Whatever hell they brought, we would always bring more. There is no one who could out-chaos us. Not when we had been born from it, not when we lived in it.

I would do anything to protect my family. No matter how fucked and dysfunctional, they are mine. And there’s nothing I wouldn’t do for them.

And fuck do I know that Sage and I came together in a hurricane of rash decisions and lustful disarray, but what we have found beneath all that pain, all the lies, all the truths, was something real.

It’s a love that would be painted in a gruesome light, and the whispers would speak of how sinful it was, the narrative spelled out simply as the wicked child of Satan corrupting Ponderosa Springs’ most cherished angel. They would say I crept into her room at night and stole her away to my kingdom of eternal damnation, keeping her here forever.

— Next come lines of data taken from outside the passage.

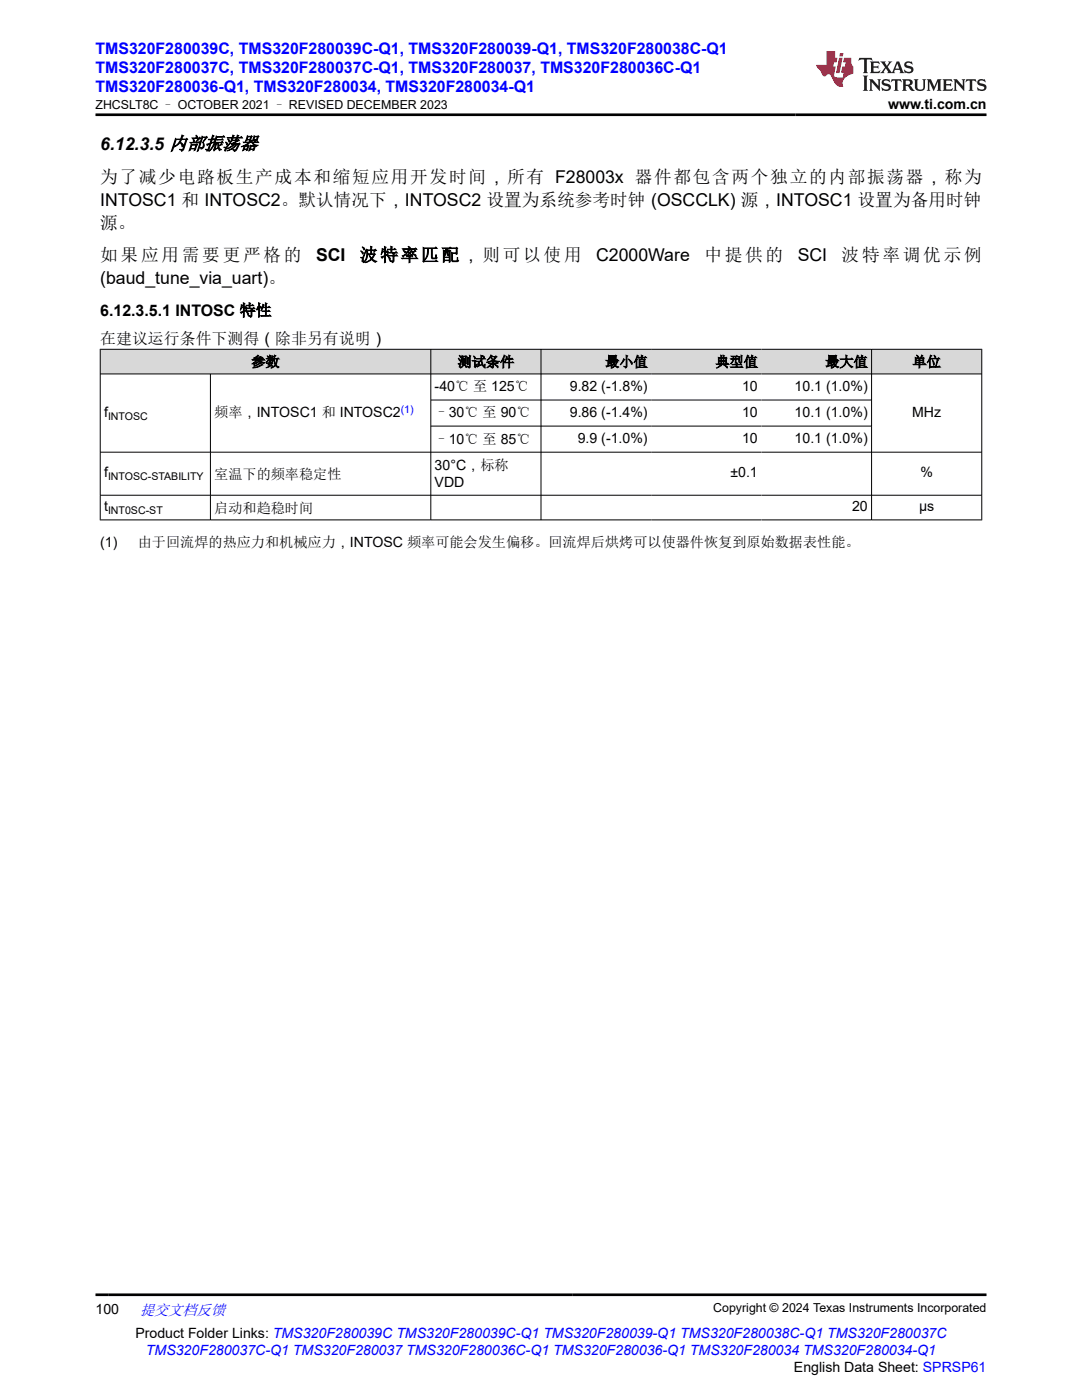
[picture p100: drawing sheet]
<svg xmlns="http://www.w3.org/2000/svg" width="216mm" height="279mm" viewBox="0 0 216 279" stroke-linecap="round" stroke-linejoin="round" font-family="sans-serif">
<defs><g id="words">
<g font-size="3.5">
<text x="20" y="29.8">6.12.3.5 内部振荡器</text>
<text x="20" y="36.5">为了减少电路板生产成本和缩短应用开发时间，所有 F28003x 器件都包含两个独立的内部振荡器，称为</text>
<text x="20" y="41.1">INTOSC1 和 INTOSC2。默认情况下，INTOSC2 设置为系统参考时钟 (OSCCLK) 源，INTOSC1 设置为备用时钟</text>
<text x="20" y="45.7">源。</text>
<text x="20" y="52.1">如果应用需要更严格的</text>
<text x="63.1" y="52.1">SCI</text>
<text x="71.8" y="52.1">波特率匹配，则可以使用</text>
<text x="119" y="52.1">C2000Ware</text>
<text x="140.5" y="52.1">中提供的</text>
<text x="159.2" y="52.1">SCI</text>
<text x="167.9" y="52.1">波特率调优示例</text>
<text x="20" y="56.7">(baud_tune_via_uart)。</text>
</g>
<g font-size="3.2" fill="#00f">
<text x="19" y="10.7">TMS320F280039C, TMS320F280039C-Q1, TMS320F280039-Q1, TMS320F280038C-Q1</text>
<text x="19" y="14.5">TMS320F280037C, TMS320F280037C-Q1, TMS320F280037, TMS320F280036C-Q1</text>
<text x="19" y="18.3">TMS320F280036-Q1, TMS320F280034, TMS320F280034-Q1</text>
</g>
<g font-size="3.2">
<text x="20" y="63">6.12.3.5.1 INTOSC 特性</text>
<text x="20" y="68.6">在建议运行条件下测得（除非另有说明）</text>
</g>
<text font-size="3" fill="#00f" x="27.9" y="262.4">提交文档反馈</text>
<g font-size="2.8">
<text x="177.2" y="21.7">www.ti.com.cn</text>
<text x="50.2" y="73.2">参数</text>
<text x="91.3" y="73.2">测试条件</text>
<text x="113.7" y="78">9.82 (-1.8%)</text>
<text x="120.8" y="73.2">最小值</text>
<text x="142.8" y="73.2">典型值</text>
<text x="148.1" y="78">10</text>
<text x="158.6" y="78">10.1 (1.0%)</text>
<text x="164.7" y="73.2">最大值</text>
<text x="182.1" y="73.2">单位</text>
<text x="20.8" y="83.2">f</text>
<text x="42.8" y="83.3">频率，INTOSC1 和 INTOSC2</text>
<text x="86.7" y="78.1">-40℃ 至 125℃</text>
<text x="86.7" y="83.3">–30℃ 至 90℃</text>
<text x="113.7" y="83.2">9.86 (-1.4%)</text>
<text x="148.1" y="83.2">10</text>
<text x="158.6" y="83.2">10.1 (1.0%)</text>
<text x="182" y="83.2">MHz</text>
<text x="86.7" y="88.5">–10℃ 至 85℃</text>
<text x="115.3" y="88.4">9.9 (-1.0%)</text>
<text x="148.1" y="88.4">10</text>
<text x="158.6" y="88.4">10.1 (1.0%)</text>
<text x="20.8" y="95.3">f</text>
<text x="42.8" y="95.6">室温下的频率稳定性</text>
<text x="86.7" y="93.7">30°C，标称</text>
<text x="145.7" y="95.3">±0.1</text>
<text x="183.7" y="95.3">%</text>
<text x="86.7" y="97.1">VDD</text>
<text x="20.8" y="102">t</text>
<text x="42.8" y="102.3">启动和趋稳时间</text>
<text x="170" y="102">20</text>
<text x="183.4" y="102">µs</text>
<text x="20" y="109.1">(1)</text>
<text x="27.5" y="109.1">由于回流焊的热应力和机械应力，INTOSC 频率可能会发生偏移。回流焊后烘烤可以使器件恢复到原始数据表性能。</text>
<text x="19" y="262.1">100</text>
<text x="27" y="266.9">Product Folder Links: TMS320F280039C TMS320F280039C-Q1 TMS320F280039-Q1 TMS320F280038C-Q1 TMS320F280037C</text>
<text x="158.4" y="273.7">English Data Sheet: SPRSP61</text>
</g>
<text font-size="2.8" fill="#00f" x="29.1" y="270.3">TMS320F280037C-Q1 TMS320F280037 TMS320F280036C-Q1 TMS320F280036-Q1 TMS320F280034 TMS320F280034-Q1</text>
<g font-size="2.5">
<text x="19" y="21.8">ZHCSLT8C – OCTOBER 2021 – REVISED DECEMBER 2023</text>
<text x="142.3" y="261.8">Copyright © 2024 Texas Instruments Incorporated</text>
</g>
<g font-size="2.1">
<text x="21.6" y="83.7">INTOSC</text>
<text x="21.6" y="95.8">INTOSC-STABILITY</text>
<text x="21.6" y="102.6">INT0SC-ST</text>
</g>
<text font-size="2.1" fill="#00f" x="80" y="82.4">(1)</text>
</g></defs>
<g fill="#d8d8d8">
<path d="M20 69.7h175.9v4.9h-175.9z" fill-rule="evenodd"/>
<path d="M20.1 69.8h65.8v4.8h-65.8z" fill-rule="evenodd"/>
<path d="M86 69.8h21.9v4.8h-21.9z" fill-rule="evenodd"/>
<path d="M108 69.8h21.9v4.8h-21.9z" fill-rule="evenodd"/>
<path d="M129.9 69.8h22v4.8h-22z" fill-rule="evenodd"/>
<path d="M151.9 69.8h22v4.8h-22z" fill-rule="evenodd"/>
<path d="M174 69.8h21.8v4.8h-21.8z" fill-rule="evenodd"/>
</g>
<g fill="none" stroke="#000" stroke-width=".2">
<path d="M19.9 69.7h176.1M19.9 74.6h176.1M20 69.6v34.2M42 74.6v29.2M86 69.6v34.2M86 79.8h88M107.9 69.6v34.2M173.9 69.6v34.2M195.9 69.6v34.2M19.9 90.2h176.1M19.9 98.8h176.1M86 85h88"/>
<path d="M19.9 103.8h176.1"/>
</g>
<path d="M171.5 11.6l-.2 .5 .5-.2h.6v.1v2.2l-.2 .4h1l-.2-.4v-2.2v-.1h.5l.5 .2-.1-.5zM173.6 12.3l.2 .4v1.5l-.2 .4h1.9l.1-.6a1.08 1.08 0 0 1-1.3 .2v-.7h.6l.4 .2v-.7l-.4 .2h-.6v-.5l.2-.2a1 1 0 0 1 1 .3l-.1-.5zM175.7 12.3l.9 1.1-1 1.2h.9l-.2-.2 .5-.8 .4 .8-.2 .2h1.6l-.2-.2 .2-.5h.9l.1 .5-.1 .2h.9l-.2-.3-.8-2h-.5l-.9 2.2-.9-1.1 .9-1.1h-.8l.2 .2-.4 .6-.4-.6 .2-.2zM179 12.7l.4 1h-.7zM180.7 12.4a.65 .65 0 0 0-.2 .7 .65 .65 0 0 0 .6 .5l.6 .1 .1 .3a.79 .79 0 0 1-.7 .4 .79 .79 0 0 1-.7-.5l.1 .7 .2-.1a.93 .93 0 0 0 1.1 .1 .93 .93 0 0 0 .4-1 1.46 1.46 0 0 0-1.2-.6l-.1-.3a1.09 1.09 0 0 1 1.2 .2l-.2-.6-.1 .1-.5-.2zM172.2 15.1l.2 .4v2.2l-.2 .4h1l-.2-.4v-2.2l.2-.4zM173.4 15.8l.2 .4v1.5l-.2 .4h.8l-.3-.4 .1-1.3 1.6 1.8v-2l.2-.4h-.7l.1 .2 .1 1.1-1.2-1.3zM176.2 15.9a.65 .65 0 0 0-.2 .8 .65 .65 0 0 0 .6 .4l.6 .2 .1 .2a.79 .79 0 0 1-.7 .4 .79 .79 0 0 1-.7-.5l.1 .7 .2-.1a.93 .93 0 0 0 1.1 .1 .93 .93 0 0 0 .4-.9 1.46 1.46 0 0 0-1.2-.6l-.1-.4a1.09 1.09 0 0 1 1.2 .2l-.1-.6-.2 .1-.5-.1zM177.9 15.8l-.1 .6a.63 .63 0 0 1 .8-.3v1.6l-.3 .4h1l-.2-.4v-1.6a.66 .66 0 0 1 .8 .3l-.1-.6zM180 15.8l.2 .4v1.5l-.2 .4h1l-.2-.2-.1-.7h.5l.1 .2a.79 .79 0 0 0 1.2 .6l-1-.9a.61 .61 0 0 0 .6-.6 .61 .61 0 0 0-.5-.7zM180.8 16.1h.1a.47 .47 0 0 1 .5 .1 .47 .47 0 0 1 .1 .5l-.1 .1-.7 .1zM182.3 15.8l.2 .2a2.27 2.27 0 0 0 .4 2 1.04 1.04 0 0 0 1.7-.7v-1.3l.2-.2h-.8l.2 .4v1.1a.6 .6 0 0 1-.6 .6 .6 .6 0 0 1-.6-.6v-1.1l.3-.4zM184.9 15.8l.2 .4v1.5l-.2 .4h.8l-.3-.4v-1.4l.9 1.9 .9-1.9v1.4l-.3 .4h1l-.2-.4v-1.5l.2-.4h-.8l-.7 1.5-.6-1.5zM188.1 15.8l.2 .4v1.5l-.2 .4h1.9l.1-.6a1.09 1.09 0 0 1-1.3 .2v-.7h.6l.4 .2v-.6l-.4 .2h-.6v-.6l.2-.1a1.01 1.01 0 0 1 1 .3l-.1-.6zM190.2 15.8l.3 .4v1.5l-.3 .4h.8l-.2-.4v-1.3l1.6 1.8v-2l.2-.4h-.7l.2 .2v1.1l-1.2-1.3zM192.8 15.8l-.1 .6a.63 .63 0 0 1 .8-.3v1.6l-.3 .4h1l-.2-.4v-1.6a.66 .66 0 0 1 .8 .3l-.1-.6zM195.2 15.9a.65 .65 0 0 0-.2 .8 .65 .65 0 0 0 .6 .4l.6 .2 .2 .2a.79 .79 0 0 1-.7 .4 .79 .79 0 0 1-.7-.5l.1 .7 .2-.1a.93 .93 0 0 0 1 .1 .93 .93 0 0 0 .5-.9 1.46 1.46 0 0 0-1.3-.6v-.4a1.09 1.09 0 0 1 1.2 .2l-.2-.6-.2 .1-.5-.1z" fill="#231f20"/>
<path d="M164.9 10.2v2.8h-2l.1 .3 .8 1a.95 .95 0 0 0 1 .9 .59 .59 0 0 1 .5-.4 .59 .59 0 0 1 .5 .4l.4 .7a1.59 1.59 0 0 0 2.1 1.4 1.61 1.61 0 0 1 1-2.3l1-.3-.1-1.5a1.59 1.59 0 0 1-.3-1.7h-1.5l-.2 .9h.6l-.2 .9h-.5l-.2 1v.2l.4 .1-.1 .9h-.7a.73 .73 0 0 1-1-.7l.3-1.5h-.5l.1-.9h.5l.2-.9h-.5v-1.3zM167.4 11.5l-.6 3.1h.7l.6-3.1zM167.6 10.6l-.1 .6h.7l.1-.6z" fill="#ed1c24"/>
<path d="M19 22.9h177.8M19 258.4h177.8" fill="none" stroke="#000" stroke-width=".53"/>
<use href="#words"/>
</svg>

Our story would be a villainous one for as long as we live here.

But they don’t know what we did.

They don’t know that she is more than just a flimsy angel.

She is a force with the power to destroy anything in her way. A phoenix from the ashes.

The Lilith to my Lucifer.

The one I would burn the entire goddamn planet down for.

In the opaque darkness, we found a love that could never be contained.

So to some, our love would be seen as unholy, an act against God himself, but to us?

It’s more.

It’s ours.

She was right. Tomorrow the birds will sing, and they will continue to as long as we’re together.

“Because you were the only one worthy of keeping.”